Devo essere sincera: colgo segnali in tal senso da un po’ di tempo, ma sono stata poco “responsiva” nei suoi confronti, per un motivo realmente stupido, eppure talmente istintivo da non essermene resa conto fino ad ora… A me è stato insegnato a mangiare in modo “composto”, senza sporcare e senza pasticciare. Non so se c’entri o meno, ma ho cercato di fare lo stesso con lei, anche perché ammetto di non amare l’idea di doverla cambiare, ripulire per terra e lavare il seggiolone dopo la sua pappa. Ieri ho letto qualche pagina di un libro sullo svezzamento scritto da Jack Newmann; ho capito dalle prime righe di aver già commesso diversi “errori” con Sofia rispetto alla sua modalità di mangiare. Così da oggi ho deciso di guardarla ancora meglio e più attentamente, cercando di cogliere i suoi gesti, le sue curiosità, i suoi desideri… e per quanto possibile iniziare ad assecondarli, affinchè mangiare sia fin d’ora per lei anche un momento di conoscenza, esperienza, curiosità, esplorazione etc. Ho capito che per ora lei può esplorare principalmente con le mani e che quello che per me è pressoché scontato (cioè toccare la pappa e impiastricciarsi le mani di passato di verdure fa schifo e dà fastidio), non è assolutamente uguale per lei. Lei non sa che consistenza abbia quello che mangia, se è liscio, appiccicoso, denso, morbido, caldo, freddo, granuloso etc… Toccare è la prima fonte di conoscenza che ha e probabilmente il sapore non è l’unica cosa che le interessa di ciò che mangia. 

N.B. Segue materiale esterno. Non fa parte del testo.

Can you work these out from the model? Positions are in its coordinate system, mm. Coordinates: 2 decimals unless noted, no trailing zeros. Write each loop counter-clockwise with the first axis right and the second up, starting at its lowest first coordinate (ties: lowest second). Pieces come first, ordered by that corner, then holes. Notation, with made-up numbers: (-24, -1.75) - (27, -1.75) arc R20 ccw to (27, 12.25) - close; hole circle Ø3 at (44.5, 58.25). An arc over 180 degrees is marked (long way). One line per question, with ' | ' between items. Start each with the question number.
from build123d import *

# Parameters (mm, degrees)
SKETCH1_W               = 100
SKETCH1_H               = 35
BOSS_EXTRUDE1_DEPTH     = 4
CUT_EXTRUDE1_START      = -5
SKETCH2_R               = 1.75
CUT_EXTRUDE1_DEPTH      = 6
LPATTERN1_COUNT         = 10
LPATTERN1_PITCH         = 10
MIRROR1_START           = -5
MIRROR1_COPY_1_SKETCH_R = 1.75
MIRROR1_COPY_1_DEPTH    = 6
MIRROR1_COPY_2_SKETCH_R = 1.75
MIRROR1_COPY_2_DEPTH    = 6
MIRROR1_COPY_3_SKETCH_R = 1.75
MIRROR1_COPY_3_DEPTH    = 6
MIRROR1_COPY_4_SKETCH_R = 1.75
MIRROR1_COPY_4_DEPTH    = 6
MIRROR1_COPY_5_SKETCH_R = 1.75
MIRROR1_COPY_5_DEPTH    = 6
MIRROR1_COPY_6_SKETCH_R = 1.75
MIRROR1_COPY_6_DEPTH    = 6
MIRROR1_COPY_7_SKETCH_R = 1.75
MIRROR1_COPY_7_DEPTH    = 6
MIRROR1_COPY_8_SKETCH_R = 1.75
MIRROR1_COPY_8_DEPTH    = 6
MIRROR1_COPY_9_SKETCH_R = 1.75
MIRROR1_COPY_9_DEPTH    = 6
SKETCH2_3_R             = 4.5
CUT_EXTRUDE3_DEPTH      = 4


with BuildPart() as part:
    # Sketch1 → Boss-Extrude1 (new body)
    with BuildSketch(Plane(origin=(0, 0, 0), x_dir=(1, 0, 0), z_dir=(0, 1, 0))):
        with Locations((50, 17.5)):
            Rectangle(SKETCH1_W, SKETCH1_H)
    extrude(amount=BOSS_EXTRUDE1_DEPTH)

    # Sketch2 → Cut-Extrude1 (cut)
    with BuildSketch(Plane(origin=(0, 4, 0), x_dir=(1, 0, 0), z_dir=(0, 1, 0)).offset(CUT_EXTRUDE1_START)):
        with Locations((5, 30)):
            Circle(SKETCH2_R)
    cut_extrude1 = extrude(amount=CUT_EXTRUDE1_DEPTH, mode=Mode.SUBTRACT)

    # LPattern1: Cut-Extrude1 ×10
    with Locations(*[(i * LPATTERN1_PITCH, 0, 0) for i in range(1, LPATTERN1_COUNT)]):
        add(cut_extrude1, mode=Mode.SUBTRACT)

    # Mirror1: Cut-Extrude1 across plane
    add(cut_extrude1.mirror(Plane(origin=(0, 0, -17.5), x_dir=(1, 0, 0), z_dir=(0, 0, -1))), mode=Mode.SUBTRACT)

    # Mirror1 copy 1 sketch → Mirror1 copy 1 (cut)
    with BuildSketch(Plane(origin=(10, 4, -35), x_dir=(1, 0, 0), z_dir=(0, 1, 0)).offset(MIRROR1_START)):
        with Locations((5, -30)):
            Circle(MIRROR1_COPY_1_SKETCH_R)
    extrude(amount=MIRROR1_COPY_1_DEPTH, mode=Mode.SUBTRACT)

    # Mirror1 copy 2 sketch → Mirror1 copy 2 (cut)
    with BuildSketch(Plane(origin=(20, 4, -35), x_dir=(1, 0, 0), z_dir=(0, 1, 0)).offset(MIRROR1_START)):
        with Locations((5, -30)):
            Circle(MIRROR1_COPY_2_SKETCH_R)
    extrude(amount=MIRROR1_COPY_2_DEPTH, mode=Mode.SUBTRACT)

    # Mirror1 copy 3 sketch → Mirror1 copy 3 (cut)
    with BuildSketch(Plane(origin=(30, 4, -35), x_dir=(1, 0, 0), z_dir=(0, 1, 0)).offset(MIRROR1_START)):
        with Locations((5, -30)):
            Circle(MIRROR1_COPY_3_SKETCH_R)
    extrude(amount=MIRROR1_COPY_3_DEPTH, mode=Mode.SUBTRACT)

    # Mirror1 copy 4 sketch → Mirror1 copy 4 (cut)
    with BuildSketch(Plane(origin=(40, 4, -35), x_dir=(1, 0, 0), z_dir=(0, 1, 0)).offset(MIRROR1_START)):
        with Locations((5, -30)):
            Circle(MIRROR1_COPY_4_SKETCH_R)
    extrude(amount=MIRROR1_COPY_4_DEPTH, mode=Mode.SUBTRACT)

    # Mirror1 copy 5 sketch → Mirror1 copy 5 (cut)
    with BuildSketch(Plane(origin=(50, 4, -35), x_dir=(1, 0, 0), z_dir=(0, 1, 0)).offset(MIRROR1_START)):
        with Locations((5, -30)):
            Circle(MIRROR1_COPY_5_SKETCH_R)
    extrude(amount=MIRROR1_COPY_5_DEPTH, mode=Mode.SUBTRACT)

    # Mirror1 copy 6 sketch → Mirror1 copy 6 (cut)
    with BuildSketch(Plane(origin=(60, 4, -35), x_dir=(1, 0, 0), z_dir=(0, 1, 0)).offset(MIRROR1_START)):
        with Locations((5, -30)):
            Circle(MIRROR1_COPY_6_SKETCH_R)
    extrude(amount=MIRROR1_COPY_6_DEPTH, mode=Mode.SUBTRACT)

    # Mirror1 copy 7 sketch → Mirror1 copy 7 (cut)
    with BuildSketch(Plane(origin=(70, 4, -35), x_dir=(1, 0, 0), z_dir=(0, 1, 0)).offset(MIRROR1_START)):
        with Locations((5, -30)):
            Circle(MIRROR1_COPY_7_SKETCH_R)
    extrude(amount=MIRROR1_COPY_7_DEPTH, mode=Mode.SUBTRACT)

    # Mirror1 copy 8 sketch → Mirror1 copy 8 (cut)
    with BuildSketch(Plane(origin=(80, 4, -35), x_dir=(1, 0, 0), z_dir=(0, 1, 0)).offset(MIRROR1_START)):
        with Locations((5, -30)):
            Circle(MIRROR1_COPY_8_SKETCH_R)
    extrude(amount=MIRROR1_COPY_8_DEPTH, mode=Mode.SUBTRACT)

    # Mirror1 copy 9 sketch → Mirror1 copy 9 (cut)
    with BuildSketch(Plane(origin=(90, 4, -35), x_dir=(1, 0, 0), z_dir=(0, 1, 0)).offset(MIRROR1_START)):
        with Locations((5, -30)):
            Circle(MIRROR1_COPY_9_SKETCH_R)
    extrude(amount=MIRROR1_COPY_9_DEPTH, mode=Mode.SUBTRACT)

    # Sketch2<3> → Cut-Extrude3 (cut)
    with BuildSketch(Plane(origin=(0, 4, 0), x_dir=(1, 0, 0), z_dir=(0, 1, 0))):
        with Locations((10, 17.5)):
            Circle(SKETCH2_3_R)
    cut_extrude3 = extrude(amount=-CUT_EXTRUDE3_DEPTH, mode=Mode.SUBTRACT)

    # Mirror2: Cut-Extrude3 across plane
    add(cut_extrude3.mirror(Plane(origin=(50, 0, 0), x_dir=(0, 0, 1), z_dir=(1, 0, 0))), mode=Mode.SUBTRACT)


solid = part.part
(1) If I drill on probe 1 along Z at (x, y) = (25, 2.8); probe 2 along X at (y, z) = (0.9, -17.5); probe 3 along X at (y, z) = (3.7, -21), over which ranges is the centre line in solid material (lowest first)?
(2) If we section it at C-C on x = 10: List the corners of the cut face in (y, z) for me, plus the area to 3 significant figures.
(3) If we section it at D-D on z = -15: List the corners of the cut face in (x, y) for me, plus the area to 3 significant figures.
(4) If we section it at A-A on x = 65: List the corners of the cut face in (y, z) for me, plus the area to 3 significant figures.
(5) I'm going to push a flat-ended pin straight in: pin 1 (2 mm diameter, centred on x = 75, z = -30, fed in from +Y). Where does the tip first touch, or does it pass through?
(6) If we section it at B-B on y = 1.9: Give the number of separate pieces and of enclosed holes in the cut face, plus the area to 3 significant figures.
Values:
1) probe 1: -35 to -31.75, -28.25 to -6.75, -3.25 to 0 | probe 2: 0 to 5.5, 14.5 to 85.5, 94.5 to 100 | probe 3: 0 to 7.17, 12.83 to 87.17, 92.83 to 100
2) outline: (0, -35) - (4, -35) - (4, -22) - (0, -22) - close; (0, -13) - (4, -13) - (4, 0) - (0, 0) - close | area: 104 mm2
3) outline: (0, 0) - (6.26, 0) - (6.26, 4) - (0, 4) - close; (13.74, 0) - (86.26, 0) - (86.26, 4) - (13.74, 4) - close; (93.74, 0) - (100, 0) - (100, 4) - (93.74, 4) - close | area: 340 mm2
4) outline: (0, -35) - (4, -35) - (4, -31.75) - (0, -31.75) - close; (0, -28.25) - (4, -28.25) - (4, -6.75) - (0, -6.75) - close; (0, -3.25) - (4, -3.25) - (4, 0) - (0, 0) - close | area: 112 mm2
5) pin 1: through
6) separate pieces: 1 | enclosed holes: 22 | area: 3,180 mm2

Mi è venuta in mente una scena di un film che amo molto, in cui Nicholas Cage chiede a Meg Ryan di descrivergli il sapore delle pere, e lei le paragona a “morbida sabbia zuccherina”… ho pensato che “morbida” e “sabbia”… sono paragoni che nessuno potrebbe fare se non usasse il tatto… e che tutto sommato le mie paranoie sulla pulizia e sull’ordine è bene che stiano quanto più possibile lontane da mia figlia !

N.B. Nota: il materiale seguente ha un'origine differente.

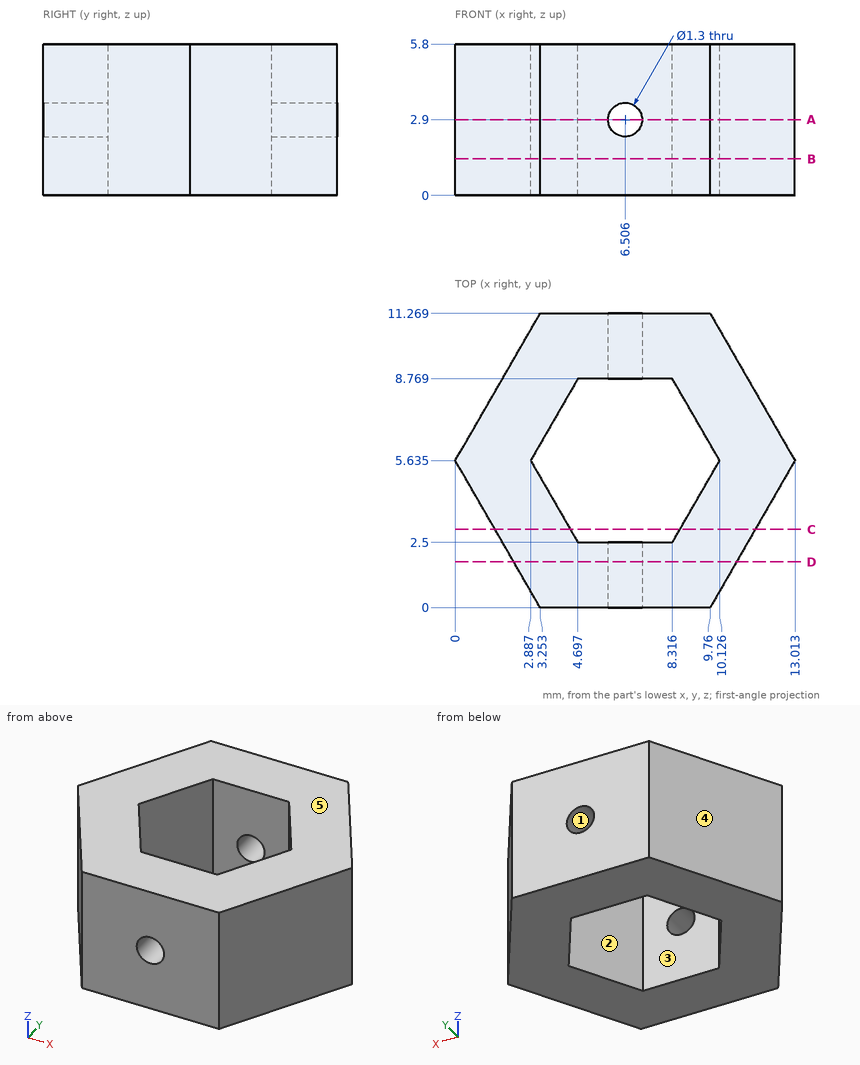
Verification items for this drawing (mm, ordinates from the low corner). A direction names the side the tool comes from. Give positions to 0.01 mm unless a question says otherwise; leave off trailing zeros. Loops run counter-clockwise (first coordinate to the right, second up) from the corner with the lowest first, then second, coordinate; pieces in that order, holes last. Notation, with made-up numbers: M 59.25,-8 L 109.25,-8 A25 cw 109.25,9 Z; hole C -30.75,68 d11. An arc over 180 degrees is marked long. Return JSON: item names as keys, results as strings. Group by question number.
1. Cross-section at C-C on y = 3. Record the boundary of the cut face in (x, z) (1 decimal).
2. Tool access check on the marked faces 1 and 2. Record the directions out of +Z, -Z, +X, -X, +Y, -Y that give a thin tool (end or side, any length) a straight path to the whole face; none if there is none.
3. Go/stop test with a flat-tipped pin: pin 1 (1.5 mm diameter, centred on y = 7, z = 2, fed in from -X) (1 decimal). Record where the tip stops, or that it passes through.
4. Cross-section at A-A on z = 2.9. Record the boundary of the cut face in (x, y) (1 decimal).
5. Cross-section at D-D on y = 1.75. Record the boundary of the cut face in (x, z).
6. Thickness scan on L1, parallel to Y at x = 8, z = 4.6; L2, parallel to Z at x = 6.75, y = 9.75; L3, parallel to X at y = 1.75, z = 2.9 (1 decimal). Record the ranges inside material, lowest first.
7. Mould release check, pull along Y, two halves, no side actions. Record for the marked faces 3, 4 and 5: released by +Y, released by -Y, zero draft, split by the parting line, or undercut.
8. Cross-section at B-B on z = 1.4. Record the boundary of the cut face in (x, y) (1 decimal).
Return value:
{
 "1": {"outline": "M 1.5,0 L 4.4,0 L 4.4,5.8 L 1.5,5.8 Z; M 8.6,0 L 11.5,0 L 11.5,5.8 L 8.6,5.8 Z"},
 "2": {"face 1": "+Y, -Y", "face 2": "+Z, -Z"},
 "3": {"pin 1": "x = 0.4"},
 "4": {"outline": "M 0,5.6 L 3.3,0 L 5.9,0 L 5.9,2.5 L 4.7,2.5 L 2.9,5.6 L 4.7,8.8 L 5.9,8.8 L 5.9,11.3 L 3.3,11.3 Z; M 7.2,0 L 9.8,0 L 13,5.6 L 9.8,11.3 L 7.2,11.3 L 7.2,8.8 L 8.3,8.8 L 10.1,5.6 L 8.3,2.5 L 7.2,2.5 Z"},
 "5": {"outline": "M 2.24,0 L 10.77,0 L 10.77,5.8 L 2.24,5.8 Z; hole C 6.51,2.9 d1.3"},
 "6": {"L1": "0 to 2.5, 8.77 to 11.27", "L2": "0 to 2.3, 3.5 to 5.8", "L3": "2.2 to 5.9, 7.2 to 10.8"},
 "7": {"face 3": "undercut", "face 4": "released by +Y", "face 5": "zero draft"},
 "8": {"outline": "M 0,5.6 L 3.3,0 L 9.8,0 L 13,5.6 L 9.8,11.3 L 3.3,11.3 Z; hole M 2.9,5.6 L 4.7,2.5 L 8.3,2.5 L 10.1,5.6 L 8.3,8.8 L 4.7,8.8 Z"}
}

Così stasera le ho dato un po’ di via libera e, sul finire della pappa, le ho permesso di prendere il cucchiaino, toccare la tazza, infilare le mani dentro… con mia sorpresa Sofia non ha buttato la tazza per terra, anzi l’ha impugnata correttamente dal manico e l’ha sollevata senza difficoltà.


Ha simulato correttamente il gesto di “pescare” qualcosa dalla tazza con il cucchiaino ed ha sperimentato (abbastanza bene) tutta la sequenza motoria per portare il cucchiaio alla bocca !

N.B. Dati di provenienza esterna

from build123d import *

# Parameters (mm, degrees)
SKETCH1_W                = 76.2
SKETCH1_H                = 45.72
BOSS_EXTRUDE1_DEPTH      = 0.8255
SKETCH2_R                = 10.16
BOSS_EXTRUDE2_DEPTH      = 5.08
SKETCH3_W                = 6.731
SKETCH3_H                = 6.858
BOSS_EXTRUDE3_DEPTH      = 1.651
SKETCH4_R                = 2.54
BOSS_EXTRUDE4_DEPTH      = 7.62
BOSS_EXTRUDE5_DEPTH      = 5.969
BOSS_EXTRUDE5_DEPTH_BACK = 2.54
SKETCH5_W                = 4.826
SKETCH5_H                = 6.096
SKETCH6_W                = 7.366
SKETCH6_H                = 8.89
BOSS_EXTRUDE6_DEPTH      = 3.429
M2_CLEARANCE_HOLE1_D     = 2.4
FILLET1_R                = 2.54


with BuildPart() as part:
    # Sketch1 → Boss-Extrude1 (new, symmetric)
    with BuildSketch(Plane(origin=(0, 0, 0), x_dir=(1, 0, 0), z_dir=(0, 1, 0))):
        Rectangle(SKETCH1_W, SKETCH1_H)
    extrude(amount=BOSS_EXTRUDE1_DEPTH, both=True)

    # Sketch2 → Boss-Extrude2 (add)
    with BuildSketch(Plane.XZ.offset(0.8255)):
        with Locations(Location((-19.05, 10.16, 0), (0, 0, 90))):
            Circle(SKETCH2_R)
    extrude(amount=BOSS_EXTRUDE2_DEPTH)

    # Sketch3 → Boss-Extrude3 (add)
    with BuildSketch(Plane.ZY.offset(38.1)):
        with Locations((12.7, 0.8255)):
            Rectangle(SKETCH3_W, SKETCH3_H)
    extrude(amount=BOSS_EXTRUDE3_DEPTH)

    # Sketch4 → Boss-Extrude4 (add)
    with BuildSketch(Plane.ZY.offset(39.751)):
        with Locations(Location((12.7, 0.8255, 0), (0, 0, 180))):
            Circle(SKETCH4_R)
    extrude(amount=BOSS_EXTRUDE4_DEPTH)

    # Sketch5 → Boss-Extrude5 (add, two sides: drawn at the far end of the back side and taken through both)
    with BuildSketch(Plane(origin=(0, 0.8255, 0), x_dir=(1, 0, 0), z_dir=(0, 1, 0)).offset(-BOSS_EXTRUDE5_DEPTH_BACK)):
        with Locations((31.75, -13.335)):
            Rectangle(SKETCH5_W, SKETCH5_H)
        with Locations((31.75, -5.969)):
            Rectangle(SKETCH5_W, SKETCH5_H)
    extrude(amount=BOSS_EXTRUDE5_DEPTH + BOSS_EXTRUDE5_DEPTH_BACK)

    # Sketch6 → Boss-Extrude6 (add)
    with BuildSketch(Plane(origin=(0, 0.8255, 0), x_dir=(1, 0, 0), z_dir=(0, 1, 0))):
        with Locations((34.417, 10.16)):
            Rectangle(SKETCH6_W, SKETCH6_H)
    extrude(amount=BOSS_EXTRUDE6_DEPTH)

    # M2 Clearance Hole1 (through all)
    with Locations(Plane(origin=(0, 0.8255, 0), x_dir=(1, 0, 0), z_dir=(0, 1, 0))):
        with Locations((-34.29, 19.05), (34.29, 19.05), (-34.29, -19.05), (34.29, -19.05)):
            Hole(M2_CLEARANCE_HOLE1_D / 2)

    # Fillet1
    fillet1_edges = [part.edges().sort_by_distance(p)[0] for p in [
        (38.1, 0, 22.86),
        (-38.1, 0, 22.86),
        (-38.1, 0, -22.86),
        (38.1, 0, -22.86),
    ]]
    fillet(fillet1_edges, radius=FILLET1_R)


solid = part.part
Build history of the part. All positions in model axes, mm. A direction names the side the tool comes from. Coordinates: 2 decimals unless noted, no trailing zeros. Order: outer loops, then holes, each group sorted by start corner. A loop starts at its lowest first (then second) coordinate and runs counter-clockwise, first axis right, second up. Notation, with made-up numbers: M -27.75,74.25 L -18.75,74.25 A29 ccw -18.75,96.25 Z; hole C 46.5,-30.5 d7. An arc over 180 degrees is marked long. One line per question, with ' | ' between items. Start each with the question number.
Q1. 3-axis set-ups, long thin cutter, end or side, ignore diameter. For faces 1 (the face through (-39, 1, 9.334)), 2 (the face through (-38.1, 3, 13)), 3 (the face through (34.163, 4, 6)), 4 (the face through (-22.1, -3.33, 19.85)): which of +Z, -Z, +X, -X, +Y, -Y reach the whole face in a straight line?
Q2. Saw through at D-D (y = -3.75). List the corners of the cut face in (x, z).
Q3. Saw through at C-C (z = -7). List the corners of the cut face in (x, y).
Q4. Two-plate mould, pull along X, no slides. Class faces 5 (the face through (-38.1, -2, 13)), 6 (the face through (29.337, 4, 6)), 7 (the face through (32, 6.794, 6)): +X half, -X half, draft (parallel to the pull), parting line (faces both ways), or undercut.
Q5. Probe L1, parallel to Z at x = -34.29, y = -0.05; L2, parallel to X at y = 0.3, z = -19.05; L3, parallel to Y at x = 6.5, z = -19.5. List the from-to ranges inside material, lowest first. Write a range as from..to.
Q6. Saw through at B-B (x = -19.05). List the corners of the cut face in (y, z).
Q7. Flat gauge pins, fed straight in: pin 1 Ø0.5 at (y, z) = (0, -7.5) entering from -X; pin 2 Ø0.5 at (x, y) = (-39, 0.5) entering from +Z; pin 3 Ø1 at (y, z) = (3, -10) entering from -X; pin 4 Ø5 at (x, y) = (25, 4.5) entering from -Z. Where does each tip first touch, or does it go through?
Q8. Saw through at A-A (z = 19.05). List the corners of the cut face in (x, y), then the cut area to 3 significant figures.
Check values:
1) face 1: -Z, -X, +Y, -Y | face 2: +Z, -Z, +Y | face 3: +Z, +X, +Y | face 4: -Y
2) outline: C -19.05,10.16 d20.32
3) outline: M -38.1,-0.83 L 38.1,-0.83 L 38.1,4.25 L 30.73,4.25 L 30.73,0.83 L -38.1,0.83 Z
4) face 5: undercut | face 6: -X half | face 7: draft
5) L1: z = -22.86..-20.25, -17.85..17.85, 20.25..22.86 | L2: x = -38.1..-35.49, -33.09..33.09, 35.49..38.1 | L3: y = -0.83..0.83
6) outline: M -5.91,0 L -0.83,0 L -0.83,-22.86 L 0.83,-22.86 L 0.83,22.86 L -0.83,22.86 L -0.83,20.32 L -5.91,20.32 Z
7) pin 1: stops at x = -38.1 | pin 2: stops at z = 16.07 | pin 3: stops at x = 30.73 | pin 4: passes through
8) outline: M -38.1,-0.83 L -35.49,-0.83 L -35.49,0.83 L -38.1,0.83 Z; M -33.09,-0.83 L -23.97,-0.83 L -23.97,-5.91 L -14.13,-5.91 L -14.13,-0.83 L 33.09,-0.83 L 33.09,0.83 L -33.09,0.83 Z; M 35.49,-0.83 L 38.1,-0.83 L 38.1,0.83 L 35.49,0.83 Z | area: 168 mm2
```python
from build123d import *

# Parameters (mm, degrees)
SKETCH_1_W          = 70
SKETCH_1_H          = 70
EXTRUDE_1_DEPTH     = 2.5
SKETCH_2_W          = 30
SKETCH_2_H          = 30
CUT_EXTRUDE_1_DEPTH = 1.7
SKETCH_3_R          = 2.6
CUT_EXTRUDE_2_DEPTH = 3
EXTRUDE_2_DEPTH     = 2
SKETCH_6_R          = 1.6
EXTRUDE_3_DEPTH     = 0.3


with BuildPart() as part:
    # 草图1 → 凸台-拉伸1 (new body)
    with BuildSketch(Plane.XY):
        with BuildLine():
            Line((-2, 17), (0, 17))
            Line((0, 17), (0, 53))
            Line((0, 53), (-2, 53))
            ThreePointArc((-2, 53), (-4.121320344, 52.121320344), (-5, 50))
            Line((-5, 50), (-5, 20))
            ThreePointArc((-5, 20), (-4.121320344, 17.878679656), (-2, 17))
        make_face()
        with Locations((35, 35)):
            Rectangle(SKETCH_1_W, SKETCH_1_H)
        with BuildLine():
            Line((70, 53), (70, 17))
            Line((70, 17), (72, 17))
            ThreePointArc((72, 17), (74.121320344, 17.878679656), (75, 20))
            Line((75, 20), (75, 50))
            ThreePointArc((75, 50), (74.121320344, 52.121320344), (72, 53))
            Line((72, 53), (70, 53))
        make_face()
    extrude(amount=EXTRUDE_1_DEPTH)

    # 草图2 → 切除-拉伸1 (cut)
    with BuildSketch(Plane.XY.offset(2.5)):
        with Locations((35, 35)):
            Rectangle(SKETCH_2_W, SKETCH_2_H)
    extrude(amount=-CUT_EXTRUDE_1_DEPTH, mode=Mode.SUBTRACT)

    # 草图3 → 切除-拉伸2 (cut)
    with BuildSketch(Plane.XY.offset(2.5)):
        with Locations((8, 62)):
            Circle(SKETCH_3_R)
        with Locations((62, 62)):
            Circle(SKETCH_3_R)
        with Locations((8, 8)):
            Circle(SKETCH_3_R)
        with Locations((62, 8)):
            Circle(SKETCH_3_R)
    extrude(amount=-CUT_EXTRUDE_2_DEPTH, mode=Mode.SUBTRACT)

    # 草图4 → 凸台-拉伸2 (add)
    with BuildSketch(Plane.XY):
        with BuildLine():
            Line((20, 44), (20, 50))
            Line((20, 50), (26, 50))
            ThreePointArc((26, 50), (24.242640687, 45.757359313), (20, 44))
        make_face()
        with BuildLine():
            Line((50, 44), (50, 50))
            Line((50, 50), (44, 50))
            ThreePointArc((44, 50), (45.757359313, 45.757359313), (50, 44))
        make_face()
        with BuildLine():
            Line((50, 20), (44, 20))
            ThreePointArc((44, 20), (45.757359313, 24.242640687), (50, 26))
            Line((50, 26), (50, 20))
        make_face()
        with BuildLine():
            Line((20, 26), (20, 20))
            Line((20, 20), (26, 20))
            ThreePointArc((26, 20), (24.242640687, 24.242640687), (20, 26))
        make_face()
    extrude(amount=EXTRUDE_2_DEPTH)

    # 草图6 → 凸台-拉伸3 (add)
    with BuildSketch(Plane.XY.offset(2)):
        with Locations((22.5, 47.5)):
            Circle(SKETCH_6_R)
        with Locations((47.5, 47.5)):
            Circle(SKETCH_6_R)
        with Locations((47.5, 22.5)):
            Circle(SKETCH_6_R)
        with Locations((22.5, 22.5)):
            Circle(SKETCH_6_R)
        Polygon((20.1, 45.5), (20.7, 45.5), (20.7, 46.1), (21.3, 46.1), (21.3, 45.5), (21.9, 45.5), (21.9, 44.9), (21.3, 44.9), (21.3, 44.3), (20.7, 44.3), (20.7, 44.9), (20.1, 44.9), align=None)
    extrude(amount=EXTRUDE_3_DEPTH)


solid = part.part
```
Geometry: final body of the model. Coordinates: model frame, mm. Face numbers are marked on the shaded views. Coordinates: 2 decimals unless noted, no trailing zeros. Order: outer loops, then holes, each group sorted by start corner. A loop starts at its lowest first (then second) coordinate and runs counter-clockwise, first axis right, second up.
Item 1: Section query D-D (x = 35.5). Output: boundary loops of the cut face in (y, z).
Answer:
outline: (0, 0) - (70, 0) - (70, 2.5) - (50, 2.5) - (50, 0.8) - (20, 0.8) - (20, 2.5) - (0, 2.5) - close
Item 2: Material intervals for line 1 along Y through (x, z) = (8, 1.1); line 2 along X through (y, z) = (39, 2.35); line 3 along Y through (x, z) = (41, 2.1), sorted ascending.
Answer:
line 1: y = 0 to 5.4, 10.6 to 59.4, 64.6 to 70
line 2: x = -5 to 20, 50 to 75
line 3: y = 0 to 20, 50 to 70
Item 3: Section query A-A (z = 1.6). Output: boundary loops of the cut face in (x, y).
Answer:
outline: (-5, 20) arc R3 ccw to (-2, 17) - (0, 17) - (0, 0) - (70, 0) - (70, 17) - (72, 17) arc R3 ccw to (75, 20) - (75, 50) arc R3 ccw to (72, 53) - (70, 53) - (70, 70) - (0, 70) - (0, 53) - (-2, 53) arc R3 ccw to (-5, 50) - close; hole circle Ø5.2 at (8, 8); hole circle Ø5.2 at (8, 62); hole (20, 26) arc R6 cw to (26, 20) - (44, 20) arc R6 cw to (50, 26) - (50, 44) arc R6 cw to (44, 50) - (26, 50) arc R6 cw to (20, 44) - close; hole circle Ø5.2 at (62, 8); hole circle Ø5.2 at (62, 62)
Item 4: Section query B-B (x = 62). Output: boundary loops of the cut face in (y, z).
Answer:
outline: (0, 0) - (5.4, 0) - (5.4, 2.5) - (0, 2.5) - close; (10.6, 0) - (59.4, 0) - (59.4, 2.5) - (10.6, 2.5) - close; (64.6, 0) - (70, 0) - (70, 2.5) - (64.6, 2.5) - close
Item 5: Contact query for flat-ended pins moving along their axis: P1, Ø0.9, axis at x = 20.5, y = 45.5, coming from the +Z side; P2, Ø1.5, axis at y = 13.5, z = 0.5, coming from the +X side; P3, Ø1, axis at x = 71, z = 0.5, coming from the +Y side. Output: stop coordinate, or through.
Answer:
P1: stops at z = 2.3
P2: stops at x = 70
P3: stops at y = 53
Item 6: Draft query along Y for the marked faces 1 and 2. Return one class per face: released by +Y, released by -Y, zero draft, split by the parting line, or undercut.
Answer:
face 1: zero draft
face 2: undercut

Ha pasticciato un pochino con le ditina lì dentro, ma quando era soddisfatta si è lasciata togliere entrambe le cose dalle mani senza piangere e senza protestare…. E mi è parsa veramente soddisfatta!
Così ho deciso; non aspetterò l’estate (come avevo detto) per permetterle di pasticciare e sporcarsi come e quanto le pare fuori in giardino… è giusto che lei abbia la possibilità fin da ora di infilare le mani in quello che mangia, provare a fare da sé e sperimentare a 360° tutta l’esperienza della pappa…
Mi spiace un po’ non aver capito prima quanto sbagliata fosse la mia ostinatezza rispetto a questa fissa dell’ordine a tavola… spero di non aver “irreparabilmente” compromesso qualcosa…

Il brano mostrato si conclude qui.